#### [Record excerpts]
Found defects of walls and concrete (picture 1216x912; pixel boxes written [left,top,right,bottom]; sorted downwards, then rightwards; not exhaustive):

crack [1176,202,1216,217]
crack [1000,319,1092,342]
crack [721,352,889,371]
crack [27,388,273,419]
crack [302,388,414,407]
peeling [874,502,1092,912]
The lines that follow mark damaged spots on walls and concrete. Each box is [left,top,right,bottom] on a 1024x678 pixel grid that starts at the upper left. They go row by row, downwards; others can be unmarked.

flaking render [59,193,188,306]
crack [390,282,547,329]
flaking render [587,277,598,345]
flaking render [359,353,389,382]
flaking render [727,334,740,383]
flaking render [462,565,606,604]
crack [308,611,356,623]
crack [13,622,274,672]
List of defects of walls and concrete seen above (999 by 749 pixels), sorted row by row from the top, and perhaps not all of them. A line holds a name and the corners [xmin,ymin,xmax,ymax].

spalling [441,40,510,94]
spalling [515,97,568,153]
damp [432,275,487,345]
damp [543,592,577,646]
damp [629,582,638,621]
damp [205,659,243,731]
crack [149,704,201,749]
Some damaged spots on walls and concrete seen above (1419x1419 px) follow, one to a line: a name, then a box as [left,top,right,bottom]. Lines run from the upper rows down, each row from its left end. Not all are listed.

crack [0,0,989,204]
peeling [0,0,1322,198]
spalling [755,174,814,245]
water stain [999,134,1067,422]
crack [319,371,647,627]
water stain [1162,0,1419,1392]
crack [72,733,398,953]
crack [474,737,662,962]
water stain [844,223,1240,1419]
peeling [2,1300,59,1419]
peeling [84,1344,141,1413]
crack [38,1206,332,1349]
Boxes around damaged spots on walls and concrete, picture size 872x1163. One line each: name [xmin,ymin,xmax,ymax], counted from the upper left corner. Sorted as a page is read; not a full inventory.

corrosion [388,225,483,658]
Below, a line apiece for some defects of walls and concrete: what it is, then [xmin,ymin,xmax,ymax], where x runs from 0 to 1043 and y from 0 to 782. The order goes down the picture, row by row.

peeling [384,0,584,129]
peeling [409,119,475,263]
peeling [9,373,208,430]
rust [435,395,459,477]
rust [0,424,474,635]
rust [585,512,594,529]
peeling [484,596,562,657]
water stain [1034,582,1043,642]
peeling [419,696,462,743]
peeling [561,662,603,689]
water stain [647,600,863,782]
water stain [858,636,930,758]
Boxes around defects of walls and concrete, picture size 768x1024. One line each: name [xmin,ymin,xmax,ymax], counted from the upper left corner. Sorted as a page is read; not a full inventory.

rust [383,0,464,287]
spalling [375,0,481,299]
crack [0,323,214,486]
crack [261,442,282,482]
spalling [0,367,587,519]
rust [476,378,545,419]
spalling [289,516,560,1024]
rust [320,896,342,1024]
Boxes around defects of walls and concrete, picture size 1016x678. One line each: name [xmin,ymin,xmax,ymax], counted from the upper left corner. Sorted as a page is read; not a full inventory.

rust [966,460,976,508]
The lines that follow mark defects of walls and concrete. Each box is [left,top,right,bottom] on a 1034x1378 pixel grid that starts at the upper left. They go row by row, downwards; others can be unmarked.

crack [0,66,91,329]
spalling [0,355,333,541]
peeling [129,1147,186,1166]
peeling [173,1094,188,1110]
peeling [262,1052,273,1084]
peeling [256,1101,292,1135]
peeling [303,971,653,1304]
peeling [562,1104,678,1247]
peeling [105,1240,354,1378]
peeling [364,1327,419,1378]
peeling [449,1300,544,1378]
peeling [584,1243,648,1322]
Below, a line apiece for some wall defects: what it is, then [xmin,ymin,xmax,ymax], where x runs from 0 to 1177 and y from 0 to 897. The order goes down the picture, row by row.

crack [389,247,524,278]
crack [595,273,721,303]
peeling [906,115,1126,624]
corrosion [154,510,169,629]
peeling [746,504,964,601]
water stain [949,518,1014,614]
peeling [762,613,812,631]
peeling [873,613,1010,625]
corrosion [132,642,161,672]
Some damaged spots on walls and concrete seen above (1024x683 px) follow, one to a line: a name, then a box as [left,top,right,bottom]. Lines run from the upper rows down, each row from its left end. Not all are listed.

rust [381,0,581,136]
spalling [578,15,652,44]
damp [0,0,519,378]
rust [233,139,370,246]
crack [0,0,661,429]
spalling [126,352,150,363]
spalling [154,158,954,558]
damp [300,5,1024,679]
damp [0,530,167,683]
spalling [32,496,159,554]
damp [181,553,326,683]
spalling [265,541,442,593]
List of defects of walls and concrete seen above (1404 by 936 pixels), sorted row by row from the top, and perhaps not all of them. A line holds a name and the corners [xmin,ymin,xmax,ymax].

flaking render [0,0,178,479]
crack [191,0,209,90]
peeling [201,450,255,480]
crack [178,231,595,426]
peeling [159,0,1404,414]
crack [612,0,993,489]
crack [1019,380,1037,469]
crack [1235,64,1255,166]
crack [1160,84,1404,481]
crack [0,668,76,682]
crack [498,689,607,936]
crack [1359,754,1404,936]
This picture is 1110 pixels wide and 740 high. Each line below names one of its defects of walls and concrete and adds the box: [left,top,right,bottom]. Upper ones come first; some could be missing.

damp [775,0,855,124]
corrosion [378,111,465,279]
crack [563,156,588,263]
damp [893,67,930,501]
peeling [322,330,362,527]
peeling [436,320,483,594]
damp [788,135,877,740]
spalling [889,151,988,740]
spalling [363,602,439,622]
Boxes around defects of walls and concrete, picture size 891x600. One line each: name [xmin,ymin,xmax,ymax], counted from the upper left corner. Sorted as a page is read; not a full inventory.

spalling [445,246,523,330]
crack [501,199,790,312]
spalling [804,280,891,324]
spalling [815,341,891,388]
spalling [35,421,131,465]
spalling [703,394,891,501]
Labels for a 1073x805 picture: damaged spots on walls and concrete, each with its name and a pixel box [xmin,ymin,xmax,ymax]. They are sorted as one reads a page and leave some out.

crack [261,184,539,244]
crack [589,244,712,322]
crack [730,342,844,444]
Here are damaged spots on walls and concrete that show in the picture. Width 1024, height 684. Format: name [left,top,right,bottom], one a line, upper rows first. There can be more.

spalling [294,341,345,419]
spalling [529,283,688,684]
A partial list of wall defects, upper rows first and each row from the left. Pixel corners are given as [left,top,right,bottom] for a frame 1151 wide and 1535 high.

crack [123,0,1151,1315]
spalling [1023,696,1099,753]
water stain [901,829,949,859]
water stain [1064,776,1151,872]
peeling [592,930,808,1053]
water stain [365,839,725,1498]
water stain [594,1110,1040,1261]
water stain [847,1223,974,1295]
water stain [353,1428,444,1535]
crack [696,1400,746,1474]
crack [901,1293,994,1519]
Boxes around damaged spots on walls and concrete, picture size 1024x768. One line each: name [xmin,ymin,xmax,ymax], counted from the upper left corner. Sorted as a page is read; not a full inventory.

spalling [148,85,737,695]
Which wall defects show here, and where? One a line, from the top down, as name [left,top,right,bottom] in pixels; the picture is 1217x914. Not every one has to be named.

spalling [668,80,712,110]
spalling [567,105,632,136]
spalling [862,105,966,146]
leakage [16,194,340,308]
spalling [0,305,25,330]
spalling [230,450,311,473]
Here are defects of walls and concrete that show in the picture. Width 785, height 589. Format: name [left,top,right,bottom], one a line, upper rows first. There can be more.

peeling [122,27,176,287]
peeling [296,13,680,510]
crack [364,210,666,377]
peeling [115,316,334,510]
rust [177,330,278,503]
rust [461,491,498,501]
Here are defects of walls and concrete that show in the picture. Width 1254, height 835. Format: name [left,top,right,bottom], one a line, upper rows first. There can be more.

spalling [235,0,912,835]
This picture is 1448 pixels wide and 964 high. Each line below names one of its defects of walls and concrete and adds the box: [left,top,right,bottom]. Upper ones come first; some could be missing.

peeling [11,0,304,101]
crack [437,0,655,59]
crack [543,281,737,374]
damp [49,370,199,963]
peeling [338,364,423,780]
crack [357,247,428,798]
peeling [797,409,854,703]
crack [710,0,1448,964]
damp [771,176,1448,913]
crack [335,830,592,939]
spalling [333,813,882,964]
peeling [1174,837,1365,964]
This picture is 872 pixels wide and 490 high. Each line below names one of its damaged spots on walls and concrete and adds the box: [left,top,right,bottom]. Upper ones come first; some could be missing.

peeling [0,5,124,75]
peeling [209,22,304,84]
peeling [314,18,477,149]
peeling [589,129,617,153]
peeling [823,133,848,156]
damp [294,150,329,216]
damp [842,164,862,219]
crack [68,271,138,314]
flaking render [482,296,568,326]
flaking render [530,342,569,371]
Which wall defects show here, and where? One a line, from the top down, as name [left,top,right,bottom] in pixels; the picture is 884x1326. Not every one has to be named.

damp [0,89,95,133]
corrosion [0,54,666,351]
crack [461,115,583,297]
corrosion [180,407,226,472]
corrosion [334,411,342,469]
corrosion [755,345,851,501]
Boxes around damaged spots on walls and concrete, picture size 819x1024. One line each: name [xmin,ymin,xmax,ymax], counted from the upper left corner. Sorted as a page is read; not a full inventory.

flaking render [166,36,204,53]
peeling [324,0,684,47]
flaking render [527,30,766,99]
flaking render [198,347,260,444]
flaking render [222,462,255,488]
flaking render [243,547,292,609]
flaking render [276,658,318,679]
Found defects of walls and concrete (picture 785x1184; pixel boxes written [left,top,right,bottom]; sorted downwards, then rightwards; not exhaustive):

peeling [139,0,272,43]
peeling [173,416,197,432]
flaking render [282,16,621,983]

#### [Exercise objective]
Print nothing except the lines from the line containing "Found defects of walls and concrete (picture 785x1184;" to the end of the listing, exactly as written.

#### [Reply to the task]
Found defects of walls and concrete (picture 785x1184; pixel boxes written [left,top,right,bottom]; sorted downwards, then rightwards; not exhaustive):

peeling [139,0,272,43]
peeling [173,416,197,432]
flaking render [282,16,621,983]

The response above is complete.